§ **Problem to work on**
Only the lines with "then" in them need to be copied from the listing.
• • • • • • •
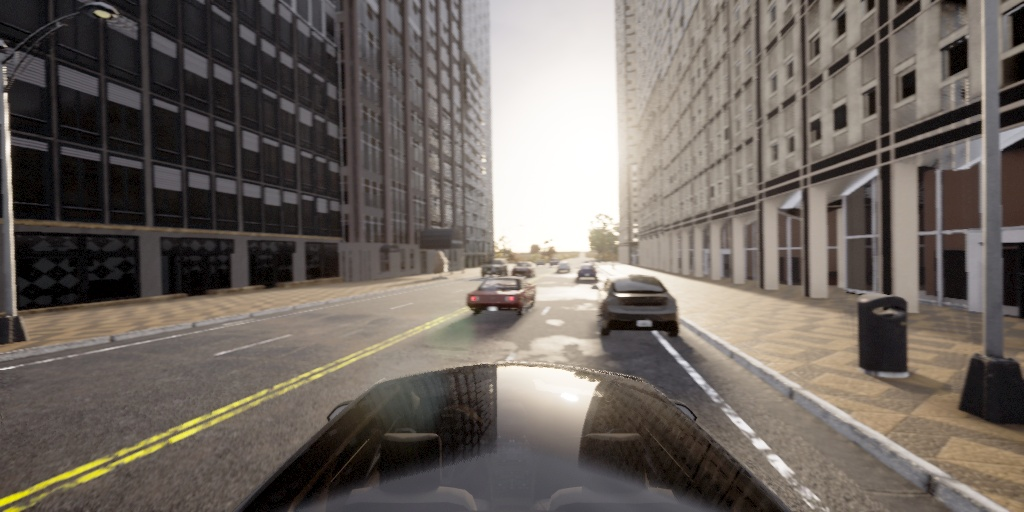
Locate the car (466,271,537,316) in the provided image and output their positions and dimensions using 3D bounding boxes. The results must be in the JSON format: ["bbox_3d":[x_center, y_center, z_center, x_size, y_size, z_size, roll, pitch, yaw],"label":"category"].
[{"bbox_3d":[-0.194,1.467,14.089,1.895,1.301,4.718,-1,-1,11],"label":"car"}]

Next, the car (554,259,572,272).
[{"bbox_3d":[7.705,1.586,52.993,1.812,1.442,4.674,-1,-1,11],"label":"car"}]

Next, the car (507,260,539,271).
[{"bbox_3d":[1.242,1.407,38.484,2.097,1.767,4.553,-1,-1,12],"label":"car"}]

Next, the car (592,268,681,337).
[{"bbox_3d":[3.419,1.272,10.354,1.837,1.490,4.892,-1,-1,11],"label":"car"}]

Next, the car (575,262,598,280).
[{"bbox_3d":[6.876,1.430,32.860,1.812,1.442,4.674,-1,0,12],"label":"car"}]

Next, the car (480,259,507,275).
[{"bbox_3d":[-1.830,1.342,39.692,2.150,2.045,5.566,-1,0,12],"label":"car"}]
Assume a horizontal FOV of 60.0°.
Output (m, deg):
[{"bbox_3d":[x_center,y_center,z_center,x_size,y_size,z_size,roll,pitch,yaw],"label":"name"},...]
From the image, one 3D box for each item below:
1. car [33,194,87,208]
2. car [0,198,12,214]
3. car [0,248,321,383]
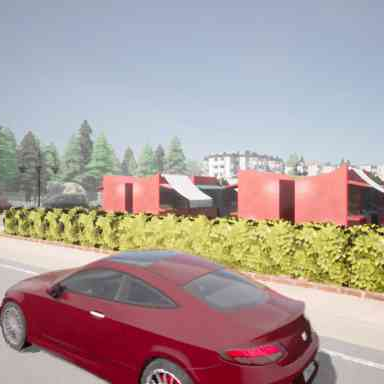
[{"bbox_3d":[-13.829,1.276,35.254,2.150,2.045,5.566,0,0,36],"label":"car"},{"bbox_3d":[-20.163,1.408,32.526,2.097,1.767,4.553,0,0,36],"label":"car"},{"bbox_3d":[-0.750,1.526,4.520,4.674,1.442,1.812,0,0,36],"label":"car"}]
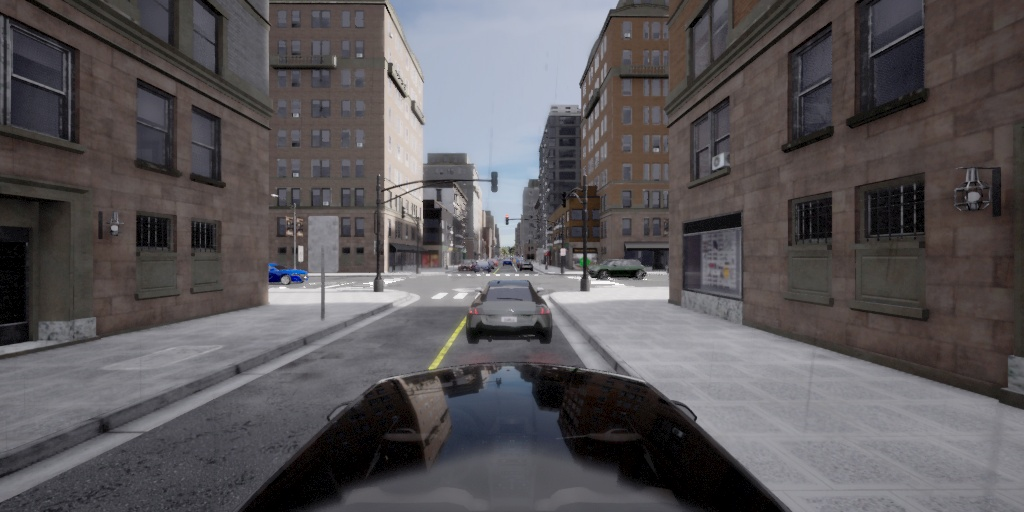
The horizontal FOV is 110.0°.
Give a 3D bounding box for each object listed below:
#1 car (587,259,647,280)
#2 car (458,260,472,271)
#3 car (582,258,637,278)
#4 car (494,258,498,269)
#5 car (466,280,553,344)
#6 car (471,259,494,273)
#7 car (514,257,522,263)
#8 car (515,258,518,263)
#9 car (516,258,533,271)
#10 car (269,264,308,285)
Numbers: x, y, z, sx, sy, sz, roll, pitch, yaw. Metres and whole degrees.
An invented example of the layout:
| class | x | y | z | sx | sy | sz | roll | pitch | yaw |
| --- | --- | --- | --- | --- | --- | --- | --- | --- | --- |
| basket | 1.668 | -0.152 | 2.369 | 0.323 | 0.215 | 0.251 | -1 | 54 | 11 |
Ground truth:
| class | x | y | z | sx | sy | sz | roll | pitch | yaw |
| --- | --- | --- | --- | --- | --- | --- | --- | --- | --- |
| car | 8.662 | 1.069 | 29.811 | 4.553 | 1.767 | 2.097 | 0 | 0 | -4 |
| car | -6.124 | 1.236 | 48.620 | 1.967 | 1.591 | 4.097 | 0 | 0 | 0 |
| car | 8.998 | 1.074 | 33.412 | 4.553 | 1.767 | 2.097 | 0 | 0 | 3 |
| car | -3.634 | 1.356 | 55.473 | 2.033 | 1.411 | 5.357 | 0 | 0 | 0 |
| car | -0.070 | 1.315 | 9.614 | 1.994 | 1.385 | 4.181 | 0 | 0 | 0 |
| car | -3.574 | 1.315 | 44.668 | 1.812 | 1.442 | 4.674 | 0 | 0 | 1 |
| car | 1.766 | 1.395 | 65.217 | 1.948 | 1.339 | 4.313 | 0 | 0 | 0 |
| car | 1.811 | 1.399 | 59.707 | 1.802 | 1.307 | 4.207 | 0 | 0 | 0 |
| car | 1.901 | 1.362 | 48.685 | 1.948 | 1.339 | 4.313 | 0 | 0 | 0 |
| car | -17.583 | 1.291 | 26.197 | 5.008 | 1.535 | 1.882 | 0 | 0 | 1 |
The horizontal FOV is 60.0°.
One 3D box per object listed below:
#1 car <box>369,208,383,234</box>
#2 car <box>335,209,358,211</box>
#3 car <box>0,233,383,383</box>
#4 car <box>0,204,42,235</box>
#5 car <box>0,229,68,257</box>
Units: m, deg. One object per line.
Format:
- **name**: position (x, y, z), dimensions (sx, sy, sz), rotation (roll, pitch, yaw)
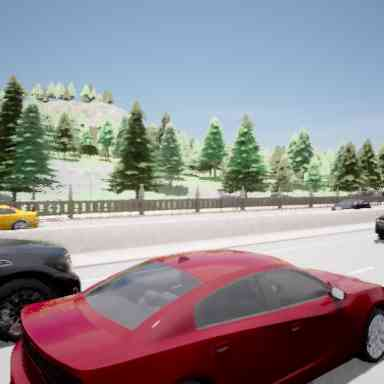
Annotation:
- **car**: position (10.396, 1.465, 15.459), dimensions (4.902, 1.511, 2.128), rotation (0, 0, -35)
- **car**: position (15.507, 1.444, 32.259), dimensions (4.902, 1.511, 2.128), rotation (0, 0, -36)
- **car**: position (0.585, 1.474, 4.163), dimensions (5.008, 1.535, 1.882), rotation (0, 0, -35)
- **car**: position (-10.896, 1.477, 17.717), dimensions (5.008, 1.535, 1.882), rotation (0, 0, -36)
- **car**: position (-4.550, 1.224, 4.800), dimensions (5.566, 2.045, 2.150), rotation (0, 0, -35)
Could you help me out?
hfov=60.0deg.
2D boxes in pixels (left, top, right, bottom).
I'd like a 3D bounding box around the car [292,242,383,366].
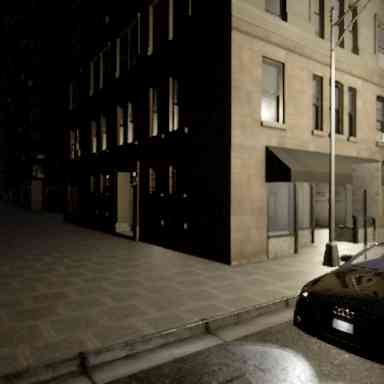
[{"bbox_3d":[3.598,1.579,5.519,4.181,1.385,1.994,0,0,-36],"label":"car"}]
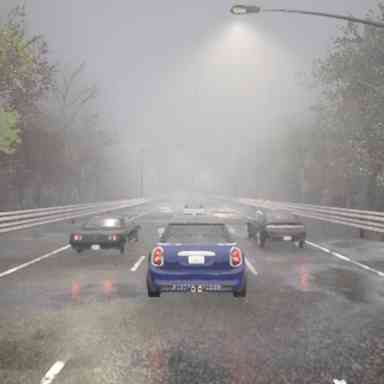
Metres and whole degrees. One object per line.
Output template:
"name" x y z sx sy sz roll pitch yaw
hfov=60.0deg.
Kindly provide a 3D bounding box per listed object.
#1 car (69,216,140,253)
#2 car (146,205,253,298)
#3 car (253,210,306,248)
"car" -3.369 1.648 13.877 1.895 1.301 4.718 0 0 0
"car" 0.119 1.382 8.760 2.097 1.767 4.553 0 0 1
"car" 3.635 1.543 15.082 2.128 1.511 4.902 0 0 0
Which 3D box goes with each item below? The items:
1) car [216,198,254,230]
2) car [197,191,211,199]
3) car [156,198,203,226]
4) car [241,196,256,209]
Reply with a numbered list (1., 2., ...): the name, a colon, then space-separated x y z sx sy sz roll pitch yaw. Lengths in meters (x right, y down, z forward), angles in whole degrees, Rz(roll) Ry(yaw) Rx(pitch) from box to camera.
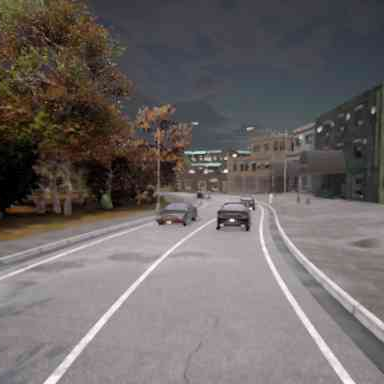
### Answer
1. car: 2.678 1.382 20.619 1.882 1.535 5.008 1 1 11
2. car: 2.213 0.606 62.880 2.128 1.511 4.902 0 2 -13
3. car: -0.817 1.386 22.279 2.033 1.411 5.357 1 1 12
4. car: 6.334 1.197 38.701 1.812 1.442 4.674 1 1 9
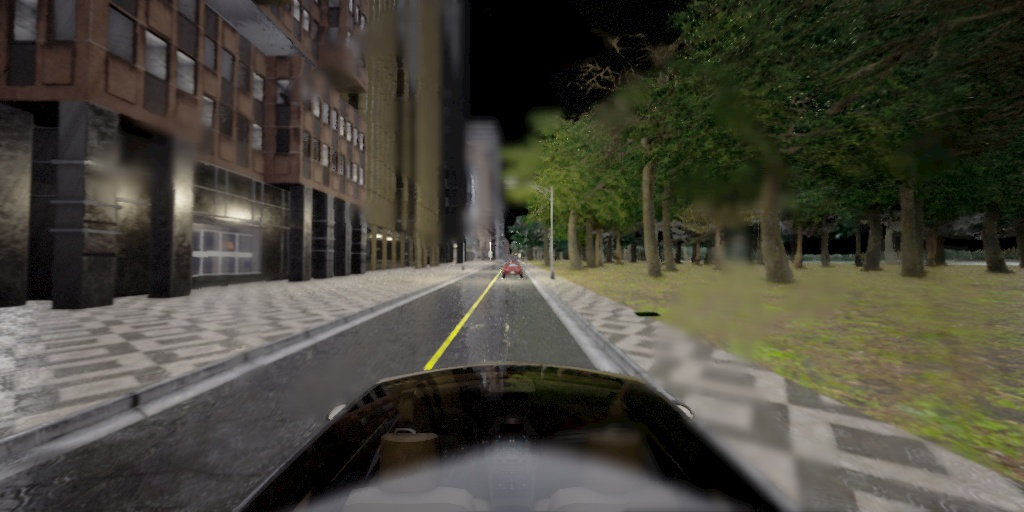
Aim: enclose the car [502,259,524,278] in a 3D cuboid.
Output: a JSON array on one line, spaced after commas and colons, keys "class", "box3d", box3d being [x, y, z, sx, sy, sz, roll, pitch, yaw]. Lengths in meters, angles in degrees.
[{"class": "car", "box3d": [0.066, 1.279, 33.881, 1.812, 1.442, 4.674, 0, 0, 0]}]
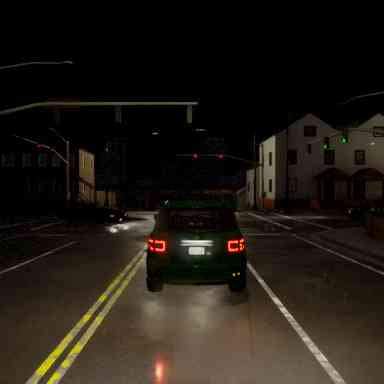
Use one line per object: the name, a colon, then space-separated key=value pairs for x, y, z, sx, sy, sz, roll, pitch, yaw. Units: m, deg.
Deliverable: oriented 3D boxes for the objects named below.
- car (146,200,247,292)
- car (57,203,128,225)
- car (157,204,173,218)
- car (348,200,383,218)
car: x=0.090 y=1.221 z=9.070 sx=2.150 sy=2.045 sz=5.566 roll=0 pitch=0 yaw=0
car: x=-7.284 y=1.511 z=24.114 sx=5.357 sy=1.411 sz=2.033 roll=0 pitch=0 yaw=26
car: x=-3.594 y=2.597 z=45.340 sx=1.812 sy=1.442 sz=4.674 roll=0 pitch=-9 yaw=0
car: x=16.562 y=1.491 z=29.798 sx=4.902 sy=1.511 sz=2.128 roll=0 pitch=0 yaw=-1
• • • • • • •
§ **Output of the task**
Reply with a numbered list (1., 2., ...): the name, a colon, then space-separated x y z sx sy sz roll pitch yaw. Lengths in meters (x right, y down, z forward), angles in whole degrees, Rz(roll) Ry(yaw) Rx(pitch) from box to camera.
Use one line per object: the name, a colon, then space-separated key=value pairs for x, y, z, sx, sy, sz, roll, pitch, yaw. Units: m, deg.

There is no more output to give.